Jeff Hart, in his priceless book Montana—Native Plants and Early Peoples recounts one of the origin stories of the plant: “Long ago, as the story goes, in what we now call the Bitterroot Valley, Flathead Indians were experiencing a famine. One old woman had to meat or fish to feed her sons. All they had to eat were shoots of balsamroot, and even these were old and woody. Believing that her sons were slowly starving to death, she went down to the river early one morning to weep alone and sing a death song. The sun, rising above the eastern mountains, heard the woman singing. Taking pity on the old woman, the sun sent a guardian spirit in the form of a red bird to comfort her with food and beauty. The bird flew to the old, gray-haired woman and spoke softly. ‘A new plant will be formed,’ said the bird, ‘from you sorrowful tears which have fallen into the soil. Its flower will have the rose of my wing feathers and the white of your hair. It will have leaves close to the ground. Your people will eat the roots of this plant. Though it will be bitter from your sorrow, it will be good for them. When they see these flowers they will say, here is the silver of mother’s hair upon the ground and rose from the wings of the spirit bird. Our mother’s tears of bitterness have given us food…’”
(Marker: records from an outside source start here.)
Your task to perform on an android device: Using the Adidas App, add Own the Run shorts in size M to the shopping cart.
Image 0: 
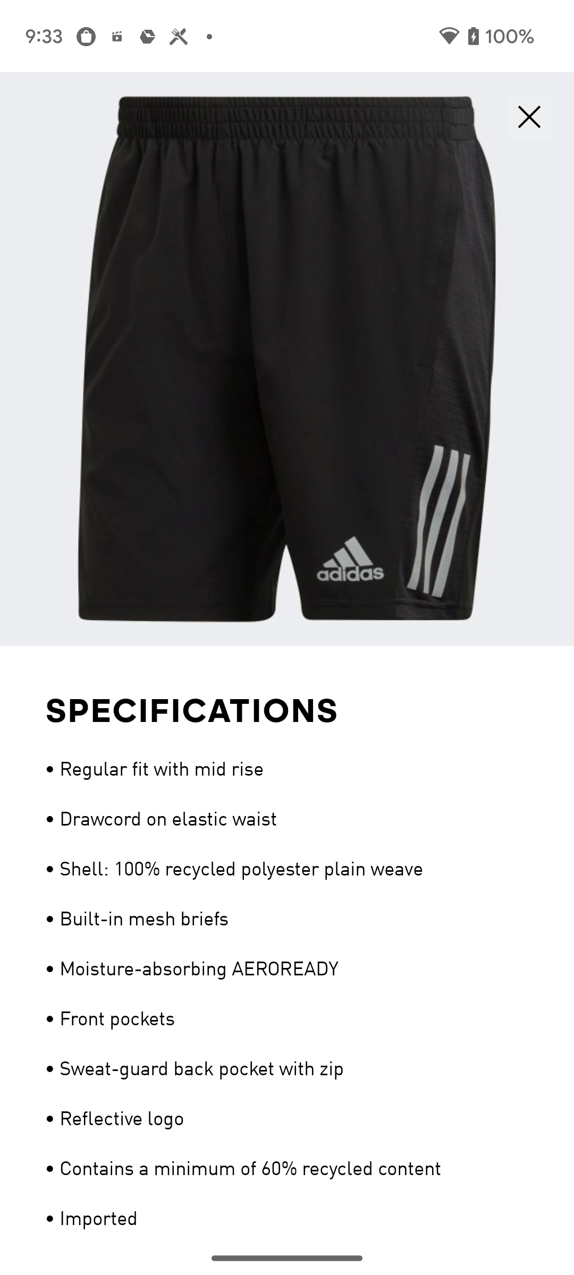
go back to the previous page
Step 0: press back button
Image 1: 
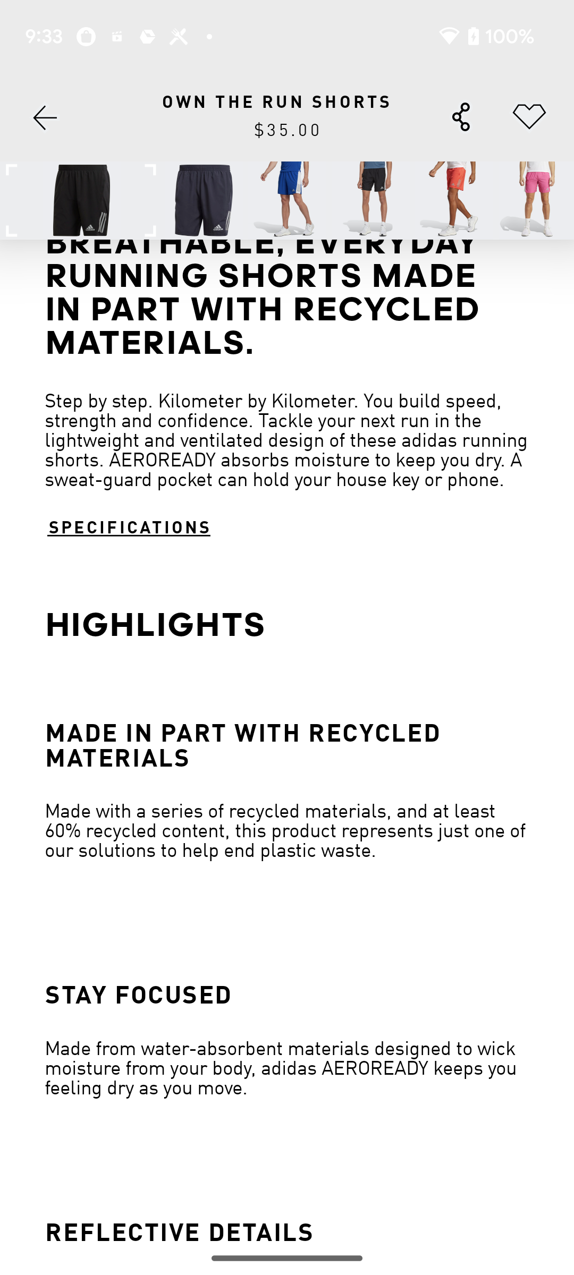
swipe down to add this product to the shopping cart
Step 1: scroll up
Image 2: 
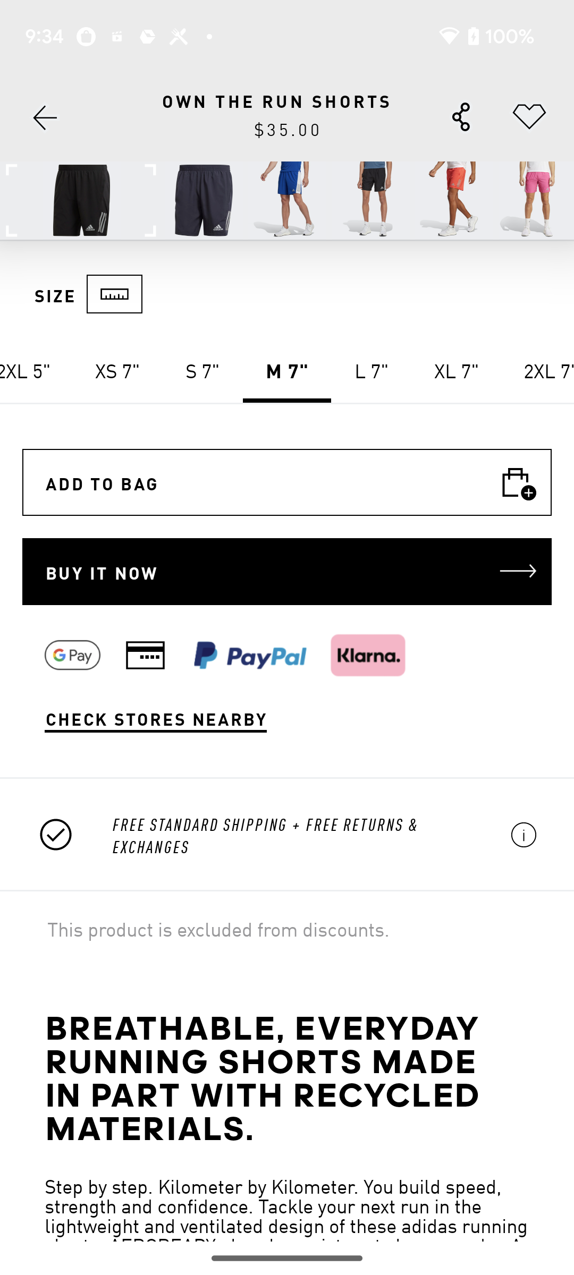
Click on ADD TO BAG
Step 2: click (287, 482)
Image 3: 
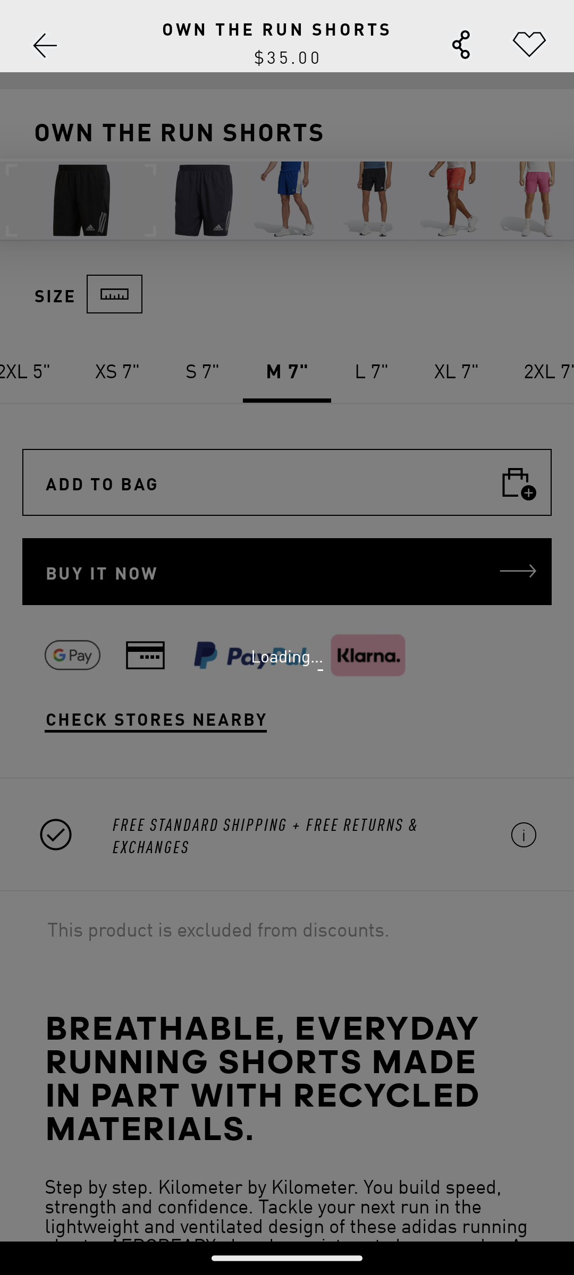
Click on ADD TO BAG
Step 3: wait

Even as a twenty first century white woman, when I see the blossoms of the Bitterroot, I feel a deep emotional connection to this mother’s story. But more than that, I am struck by the world view this story illuminates. The idea that the natural world is responsive to us in such an nurturing way is so different from our western view of nature being at best indifferent to us, or, at worst, if it does respond it is always in a violent, revengeful way (you shouldn’t fool with mother nature!) What if nature really is both responsive and benevolent and interconnected to us in such an intimate way? It certainly is worth further exploration and reflection.